OÖNachrichten: Warum können Sie es?

Hans Popper: Es gibt Situationen, die man am Anfang schwer aushält. Wenn man sie einmal ausgehalten hat, dann hat man es geschafft. Einem Patienten die Brechschale zu halten, das ist nicht einfach. Wenn es einmal gegangen ist, dann kann man das.

OÖNachrichten: Wie möchten Sie sterben?

Hans Popper: Ja, ja. Äh. Hm. Ich würde gern in Stimmigkeit leben. Dazu gehört auch, mit mir und mit meiner Umwelt stimmig zu sterben.

OÖNachrichten: Was wäre in Ihrem Fall stimmig?

Hans Popper: Ich darf entscheiden, was passiert. Ich möchte auch im Sterben die Bedeutung sehen, Dinge zu regeln, die einen vielleicht noch belasten. Auch noch Frieden zu schließen.

OÖNachrichten: Könnten Sie jetzt sterben?

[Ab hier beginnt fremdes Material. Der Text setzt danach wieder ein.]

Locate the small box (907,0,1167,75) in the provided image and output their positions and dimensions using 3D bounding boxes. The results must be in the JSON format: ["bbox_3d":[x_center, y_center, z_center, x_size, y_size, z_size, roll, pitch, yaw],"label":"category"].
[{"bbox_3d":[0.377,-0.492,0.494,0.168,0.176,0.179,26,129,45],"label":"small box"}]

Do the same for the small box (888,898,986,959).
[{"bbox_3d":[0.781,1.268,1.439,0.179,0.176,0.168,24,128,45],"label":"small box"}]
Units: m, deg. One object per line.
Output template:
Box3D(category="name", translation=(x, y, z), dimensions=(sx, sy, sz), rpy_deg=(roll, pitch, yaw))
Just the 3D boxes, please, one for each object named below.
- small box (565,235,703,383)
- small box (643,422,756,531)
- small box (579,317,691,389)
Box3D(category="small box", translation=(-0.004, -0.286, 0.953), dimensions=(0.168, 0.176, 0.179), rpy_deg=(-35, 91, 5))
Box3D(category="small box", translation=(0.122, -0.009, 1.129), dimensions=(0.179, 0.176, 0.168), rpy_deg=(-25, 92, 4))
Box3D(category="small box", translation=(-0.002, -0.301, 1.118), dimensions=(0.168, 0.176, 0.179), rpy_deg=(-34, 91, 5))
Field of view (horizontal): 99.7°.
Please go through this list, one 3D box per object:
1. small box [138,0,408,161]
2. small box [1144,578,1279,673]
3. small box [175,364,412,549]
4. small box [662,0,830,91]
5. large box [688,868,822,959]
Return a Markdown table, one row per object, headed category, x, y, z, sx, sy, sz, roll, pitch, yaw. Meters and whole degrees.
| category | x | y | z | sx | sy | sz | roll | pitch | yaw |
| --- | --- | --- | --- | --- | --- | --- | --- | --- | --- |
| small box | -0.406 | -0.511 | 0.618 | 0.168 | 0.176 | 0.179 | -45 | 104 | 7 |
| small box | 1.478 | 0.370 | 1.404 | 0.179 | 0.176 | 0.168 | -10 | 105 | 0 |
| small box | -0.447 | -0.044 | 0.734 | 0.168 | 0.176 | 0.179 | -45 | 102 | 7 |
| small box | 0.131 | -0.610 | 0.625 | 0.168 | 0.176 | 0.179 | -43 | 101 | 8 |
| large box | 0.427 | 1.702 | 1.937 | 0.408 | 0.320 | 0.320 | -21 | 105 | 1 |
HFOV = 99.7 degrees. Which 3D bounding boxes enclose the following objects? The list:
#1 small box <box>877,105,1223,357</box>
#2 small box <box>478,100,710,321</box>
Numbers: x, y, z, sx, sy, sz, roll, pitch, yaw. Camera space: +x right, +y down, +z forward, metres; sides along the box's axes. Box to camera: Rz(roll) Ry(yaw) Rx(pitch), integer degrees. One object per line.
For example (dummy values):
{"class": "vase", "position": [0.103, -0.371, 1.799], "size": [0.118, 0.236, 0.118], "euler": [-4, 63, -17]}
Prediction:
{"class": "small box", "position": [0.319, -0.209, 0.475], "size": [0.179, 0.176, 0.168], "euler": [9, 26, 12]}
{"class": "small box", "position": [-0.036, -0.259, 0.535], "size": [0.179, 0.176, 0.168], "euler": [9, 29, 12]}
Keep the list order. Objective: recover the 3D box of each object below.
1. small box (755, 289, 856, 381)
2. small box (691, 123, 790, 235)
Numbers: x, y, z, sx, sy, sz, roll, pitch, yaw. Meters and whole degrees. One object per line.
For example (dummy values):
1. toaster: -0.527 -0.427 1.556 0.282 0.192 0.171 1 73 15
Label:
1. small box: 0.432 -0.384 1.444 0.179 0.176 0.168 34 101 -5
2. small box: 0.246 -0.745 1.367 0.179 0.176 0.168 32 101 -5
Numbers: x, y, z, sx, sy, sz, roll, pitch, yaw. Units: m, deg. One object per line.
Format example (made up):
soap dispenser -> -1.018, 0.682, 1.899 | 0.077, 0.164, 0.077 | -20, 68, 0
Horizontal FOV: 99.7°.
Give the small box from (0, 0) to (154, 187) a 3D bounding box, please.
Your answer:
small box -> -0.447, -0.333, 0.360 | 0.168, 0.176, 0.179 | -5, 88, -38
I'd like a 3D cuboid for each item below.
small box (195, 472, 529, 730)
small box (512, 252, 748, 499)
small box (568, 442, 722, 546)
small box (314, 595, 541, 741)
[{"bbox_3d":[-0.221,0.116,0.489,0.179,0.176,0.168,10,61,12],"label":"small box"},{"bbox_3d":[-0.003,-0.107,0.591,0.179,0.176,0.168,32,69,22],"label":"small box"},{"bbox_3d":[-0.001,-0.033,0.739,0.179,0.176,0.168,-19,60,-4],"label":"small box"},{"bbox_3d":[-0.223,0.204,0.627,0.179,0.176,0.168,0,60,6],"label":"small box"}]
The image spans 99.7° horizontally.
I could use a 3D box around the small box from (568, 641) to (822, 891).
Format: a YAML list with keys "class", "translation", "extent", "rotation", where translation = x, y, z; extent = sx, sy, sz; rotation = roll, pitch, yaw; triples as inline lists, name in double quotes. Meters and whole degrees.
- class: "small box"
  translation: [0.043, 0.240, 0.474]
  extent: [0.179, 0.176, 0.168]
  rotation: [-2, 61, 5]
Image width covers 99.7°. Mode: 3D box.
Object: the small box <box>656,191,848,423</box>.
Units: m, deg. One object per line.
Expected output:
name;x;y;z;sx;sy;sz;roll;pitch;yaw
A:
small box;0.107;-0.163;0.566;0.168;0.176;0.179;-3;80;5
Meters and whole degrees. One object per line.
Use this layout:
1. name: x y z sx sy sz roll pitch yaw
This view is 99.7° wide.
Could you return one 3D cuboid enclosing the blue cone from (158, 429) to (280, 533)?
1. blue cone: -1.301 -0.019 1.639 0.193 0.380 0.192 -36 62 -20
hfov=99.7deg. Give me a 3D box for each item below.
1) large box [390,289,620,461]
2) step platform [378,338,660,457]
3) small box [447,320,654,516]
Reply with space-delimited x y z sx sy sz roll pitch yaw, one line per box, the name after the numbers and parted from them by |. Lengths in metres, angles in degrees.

Hans Popper: Da ist noch vieles offen. Ich möchte noch viele Dinge tun. Und ich bin noch lange nicht mit meinem Leben und mit meiner Welt im Reinen. In meinem Leben gibt es noch viele Aufräumarbeiten.

 

Porträt

Hans Popper aus Rohrbach ist 62 Jahre alt, seit Ende 2010 Pensionist, verheiratet, zwei Kinder. Der Jurist leitete von 2003 bis 2010 die Oberösterreichische Gebietskrankenkasse sehr erfolgreich.

Das Pensionsprojekt

Für seine Pensionszeit entwarf er ein für sich maßgeschneidertes Pensionsmodell. Er machte eine Hospizausbildung beim Roten Kreuz. Jetzt ist er als ehrenamtlicher Mitarbeiter in der Palliativstation der Barmherzigen Schwestern in Linz tätig. 2 bis 3 Nachtdienste pro Monat nimmt er sich Zeit für Menschen in ihrer letzten Lebensphase. Weiters ist Popper in der mobilen Hospiz der Caritas in Rohrbach freiwilliger Mitarbeiter.

Hospiz- und Palliativarbeit

Zahlreiche Spitäler und Institutionen bieten Hilfe für Menschen in ihrer letzten Lebensphase und deren Angehörigen an – etwa Caritas, Rotes Kreuz und verschiedene lokale Hospizvereine. Ehrenamtliche Mitarbeiter werden immer gesucht.